Deploy Machine Learning Pipeline on AWS Fargate
A step-by-step beginner’s guide to containerize and deploy ML pipeline serverless on AWS Fargate
In our last post on deploying a machine learning pipeline in the cloud, we demonstrated how to develop a machine learning pipeline in PyCaret, containerize it with Docker and serve it as a web application using Google Kubernetes Engine. If you haven’t heard about PyCaret before, please read this announcement to learn more.
In this tutorial, we will use the same machine learning pipeline and Flask app that we built and deployed previously. This time we will demonstrate how to containerize and deploy a machine learning pipeline serverless using AWS Fargate.
- What is a Container? What is Docker? What is Kubernetes?
- What is Amazon Elastic Container Service (ECS)?
- What are AWS Fargate and serverless deployment?
- Build and push a Docker image onto Amazon Elastic Container Registry.
- Create and execute a task definition using AWS-managed infrastructure i.e. AWS Fargate.
- See a web app in action that uses a trained machine learning pipeline to predict new data points in real-time.
This tutorial will cover the entire workflow starting from building a docker image locally, uploading it onto Amazon Elastic Container Registry, creating a cluster and then defining and executing task using AWS-managed infrastructure i.e. AWS Fargate.

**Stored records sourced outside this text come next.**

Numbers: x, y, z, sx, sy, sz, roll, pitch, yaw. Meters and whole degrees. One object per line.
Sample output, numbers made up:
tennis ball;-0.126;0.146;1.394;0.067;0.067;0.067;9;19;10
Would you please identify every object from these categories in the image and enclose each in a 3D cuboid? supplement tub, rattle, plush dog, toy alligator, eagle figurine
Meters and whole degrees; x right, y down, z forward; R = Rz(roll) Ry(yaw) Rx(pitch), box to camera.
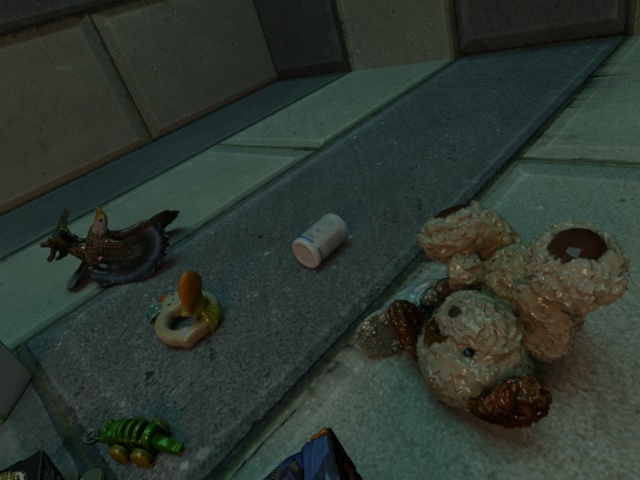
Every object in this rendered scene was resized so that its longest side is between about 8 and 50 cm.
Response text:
supplement tub;0.000;0.000;0.859;0.070;0.071;0.107;12;41;42
rattle;-0.287;0.107;0.785;0.199;0.143;0.130;23;68;41
plush dog;0.210;0.100;0.510;0.225;0.211;0.262;-45;27;-7
toy alligator;-0.277;0.270;0.588;0.189;0.052;0.056;-4;33;23
eagle figurine;-0.526;0.007;1.074;0.297;0.225;0.227;5;70;-17

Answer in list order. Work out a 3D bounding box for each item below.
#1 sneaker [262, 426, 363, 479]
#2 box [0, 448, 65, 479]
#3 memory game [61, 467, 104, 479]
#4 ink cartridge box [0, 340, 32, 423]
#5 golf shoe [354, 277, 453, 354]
sneaker;0.000;0.231;0.258;0.087;0.083;0.221;-29;23;5
box;-0.403;0.388;0.382;0.293;0.074;0.295;-24;27;-22
memory game;-0.332;0.365;0.504;0.186;0.012;0.186;-14;30;8
ink cartridge box;-0.700;0.245;0.720;0.272;0.199;0.115;-17;31;3
golf shoe;0.124;0.111;0.636;0.176;0.069;0.086;-23;10;-14
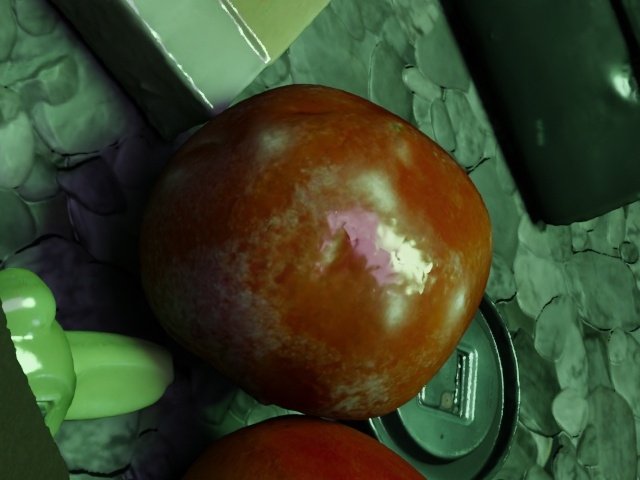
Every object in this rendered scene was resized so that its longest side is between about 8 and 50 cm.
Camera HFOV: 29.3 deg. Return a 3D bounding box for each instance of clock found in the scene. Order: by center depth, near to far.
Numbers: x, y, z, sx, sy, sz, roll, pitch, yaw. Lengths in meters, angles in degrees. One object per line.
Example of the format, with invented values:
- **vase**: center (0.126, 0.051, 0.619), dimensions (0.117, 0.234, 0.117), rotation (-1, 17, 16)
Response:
- **clock**: center (0.085, 0.110, 0.963), dimensions (0.184, 0.040, 0.184), rotation (13, 71, -40)

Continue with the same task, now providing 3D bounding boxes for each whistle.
- **whistle**: center (-0.211, 0.068, 0.671), dimensions (0.294, 0.141, 0.141), rotation (-5, 82, -62)

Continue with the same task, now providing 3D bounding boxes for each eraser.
- **eraser**: center (-0.044, -0.231, 0.911), dimensions (0.144, 0.078, 0.343), rotation (52, 51, -19)

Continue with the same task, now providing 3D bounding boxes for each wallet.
- **wallet**: center (0.226, -0.233, 1.070), dimensions (0.406, 0.228, 0.062), rotation (65, 15, -8)

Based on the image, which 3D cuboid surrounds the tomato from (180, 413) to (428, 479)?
- **tomato**: center (0.007, 0.239, 0.765), dimensions (0.260, 0.180, 0.259), rotation (10, 72, -32)

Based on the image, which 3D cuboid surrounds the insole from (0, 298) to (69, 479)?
- **insole**: center (-0.170, 0.132, 0.627), dimensions (0.111, 0.007, 0.328), rotation (-48, 146, -44)

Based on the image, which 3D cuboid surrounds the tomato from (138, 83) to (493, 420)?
- **tomato**: center (-0.001, 0.001, 0.786), dimensions (0.232, 0.232, 0.188), rotation (12, 114, -40)
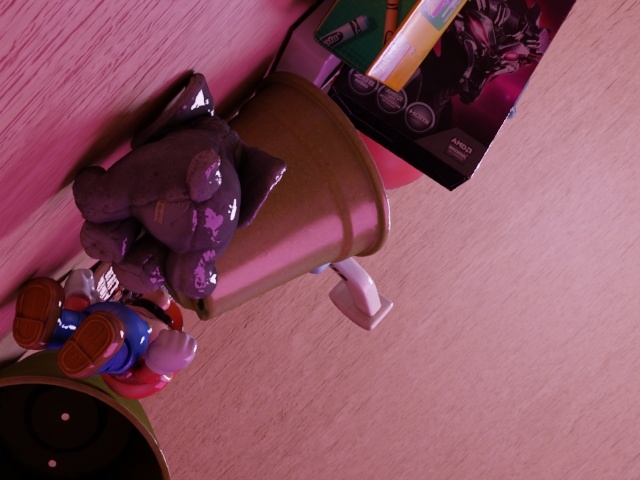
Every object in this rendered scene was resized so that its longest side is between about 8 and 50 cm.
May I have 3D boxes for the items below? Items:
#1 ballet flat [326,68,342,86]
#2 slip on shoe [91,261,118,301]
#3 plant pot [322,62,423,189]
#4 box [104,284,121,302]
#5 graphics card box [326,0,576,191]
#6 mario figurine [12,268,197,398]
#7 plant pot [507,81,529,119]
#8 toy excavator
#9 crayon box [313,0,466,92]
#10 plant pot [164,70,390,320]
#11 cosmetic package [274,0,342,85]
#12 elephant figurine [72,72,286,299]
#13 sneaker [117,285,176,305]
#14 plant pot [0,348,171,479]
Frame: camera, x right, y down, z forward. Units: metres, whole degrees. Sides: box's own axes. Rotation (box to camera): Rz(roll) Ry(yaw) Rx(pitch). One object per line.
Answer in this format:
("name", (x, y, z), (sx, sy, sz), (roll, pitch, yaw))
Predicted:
("ballet flat", (0.049, -0.304, 1.443), (0.188, 0.070, 0.070), (-46, -179, 1))
("slip on shoe", (-0.309, 0.042, 1.432), (0.041, 0.051, 0.135), (3, -140, 30))
("plant pot", (0.097, -0.241, 1.607), (0.275, 0.275, 0.243), (-45, 171, -3))
("box", (-0.400, 0.117, 1.741), (0.094, 0.027, 0.137), (-47, -178, -13))
("graphics card box", (0.194, -0.285, 1.371), (0.371, 0.232, 0.094), (-57, -175, -13))
("mario figurine", (-0.247, 0.095, 1.199), (0.170, 0.198, 0.320), (-26, 168, 4))
("plant pot", (0.380, -0.501, 2.106), (0.334, 0.341, 0.341), (-54, -178, -1))
("toy excavator", (0.000, 0.000, 1.979), (0.222, 0.445, 0.433), (-45, -179, -15))
("crayon box", (0.122, -0.307, 1.075), (0.278, 0.081, 0.165), (-54, 168, 12))
("plant pot", (-0.095, -0.037, 1.235), (0.254, 0.276, 0.276), (-34, 177, -23))
("cosmetic package", (-0.009, -0.240, 1.263), (0.099, 0.060, 0.239), (-50, -178, -17))
("elephant figurine", (-0.123, -0.074, 0.927), (0.239, 0.186, 0.169), (-62, 150, -47))
("sneaker", (-0.345, 0.111, 1.870), (0.299, 0.120, 0.112), (-74, -171, -59))
("plant pot", (-0.401, 0.321, 1.428), (0.366, 0.366, 0.353), (-45, -167, 2))
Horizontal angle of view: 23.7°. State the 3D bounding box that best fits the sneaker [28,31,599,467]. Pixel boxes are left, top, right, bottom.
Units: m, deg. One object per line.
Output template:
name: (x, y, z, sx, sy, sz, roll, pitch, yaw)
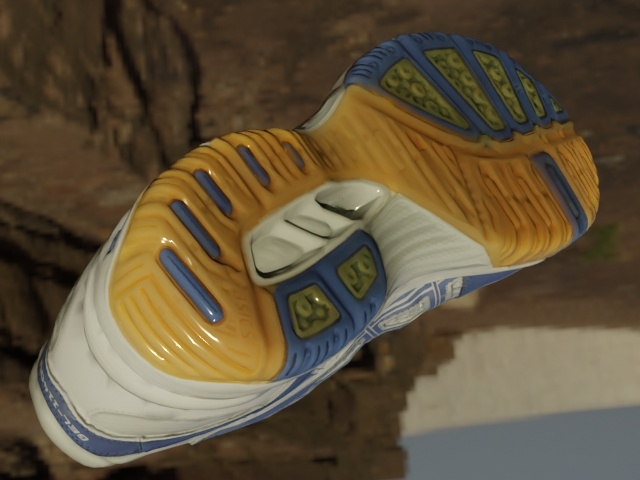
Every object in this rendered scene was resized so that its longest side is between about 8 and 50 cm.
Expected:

In the past, we have covered deployment on other cloud platforms such as Azure and Google. If you are interested in learning more about those, you can read the following stories:
PyCaret is an open source, low-code machine learning library in Python that is used to train and deploy machine learning pipelines and models into production. PyCaret can be installed easily using pip.
pip install pycaret
Flask is a framework that allows you to build web applications. A web application can be a commercial website, blog, e-commerce system, or an application that generates predictions from data provided in real-time using trained models. If you don’t have Flask installed, you can use pip to install it.
Docker** **is a tool designed to make it easier to create, deploy, and run applications by using containers. Containers are used to package up an application with all of its necessary components, such as libraries and other dependencies, and ship it all out as one package. If you haven’t used docker before, this tutorial also covers the installation of Docker Toolbox (legacy) on Windows 10 Home. In the previous tutorial we covered how to install Docker Desktop on Windows 10 Pro edition.

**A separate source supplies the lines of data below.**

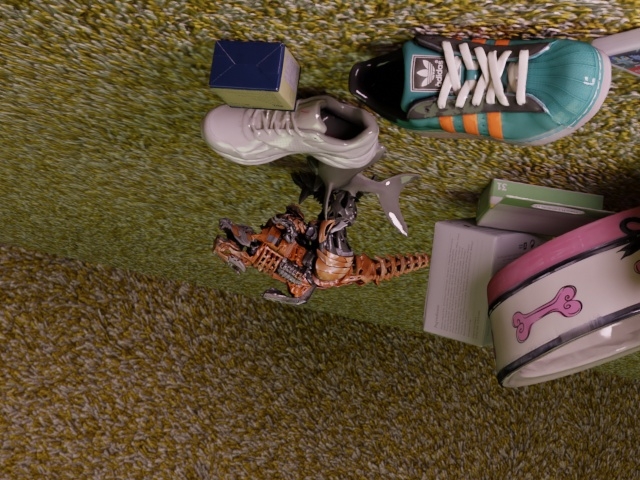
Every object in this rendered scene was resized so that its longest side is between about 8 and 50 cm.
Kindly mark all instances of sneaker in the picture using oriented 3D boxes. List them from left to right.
[{"bbox_3d":[-0.035,-0.150,1.687,0.232,0.090,0.115,0,164,-8],"label":"sneaker"},{"bbox_3d":[0.152,-0.157,1.382,0.121,0.108,0.302,11,172,-40],"label":"sneaker"}]

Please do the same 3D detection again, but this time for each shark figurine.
[{"bbox_3d":[0.038,-0.076,1.933,0.166,0.116,0.278,7,168,17],"label":"shark figurine"}]

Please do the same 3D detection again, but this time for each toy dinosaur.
[{"bbox_3d":[0.000,0.000,2.074,0.322,0.218,0.164,15,167,-32],"label":"toy dinosaur"}]

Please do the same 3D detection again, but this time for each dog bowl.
[{"bbox_3d":[0.427,0.074,1.962,0.408,0.150,0.408,-19,165,-5],"label":"dog bowl"}]

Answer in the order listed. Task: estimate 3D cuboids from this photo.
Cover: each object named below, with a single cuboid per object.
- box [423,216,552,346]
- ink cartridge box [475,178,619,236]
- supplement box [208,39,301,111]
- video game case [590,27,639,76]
[{"bbox_3d":[0.268,0.061,2.144,0.119,0.182,0.181,14,-167,37],"label":"box"},{"bbox_3d":[0.332,-0.053,1.971,0.171,0.056,0.235,9,168,-2],"label":"ink cartridge box"},{"bbox_3d":[-0.074,-0.188,1.539,0.083,0.056,0.083,5,169,15],"label":"supplement box"},{"bbox_3d":[0.398,-0.179,1.306,0.183,0.023,0.201,14,169,-32],"label":"video game case"}]
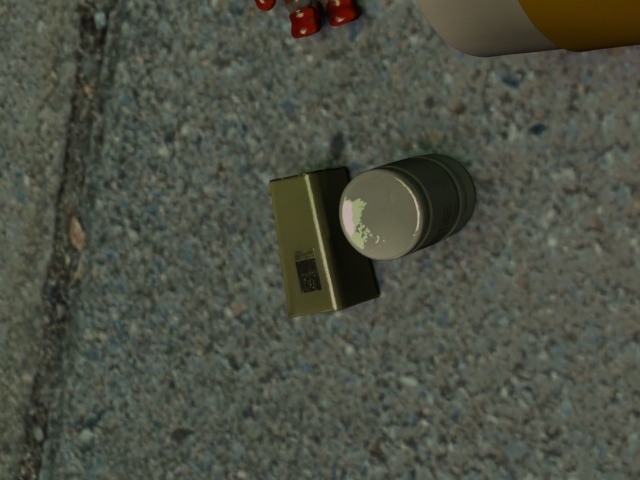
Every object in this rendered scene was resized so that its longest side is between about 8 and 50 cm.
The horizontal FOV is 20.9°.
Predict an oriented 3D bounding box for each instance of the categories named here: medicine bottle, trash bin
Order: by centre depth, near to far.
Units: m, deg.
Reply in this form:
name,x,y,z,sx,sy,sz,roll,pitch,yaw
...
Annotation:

Amazon Web Services (AWS) is a comprehensive and broadly adopted cloud platform, offered by Amazon. It has over 175 fully-featured services from data centers globally. If you haven’t used AWS before, you can sign-up for a free account.
Before we get into implementation using AWS Fargate, let’s understand what a container is and why we would need one?
Have you ever had the problem where your code works fine on your computer but when a friend tries to run the exact same code, it doesn’t work? If your friend is repeating the exact same steps, he or she should get the same results, right? The one-word answer to this is **the environment. **Your friend’s environment is different than yours.
What does an environment include? → The programing language such as Python and all the libraries and dependencies with the exact versions using which application was built and tested.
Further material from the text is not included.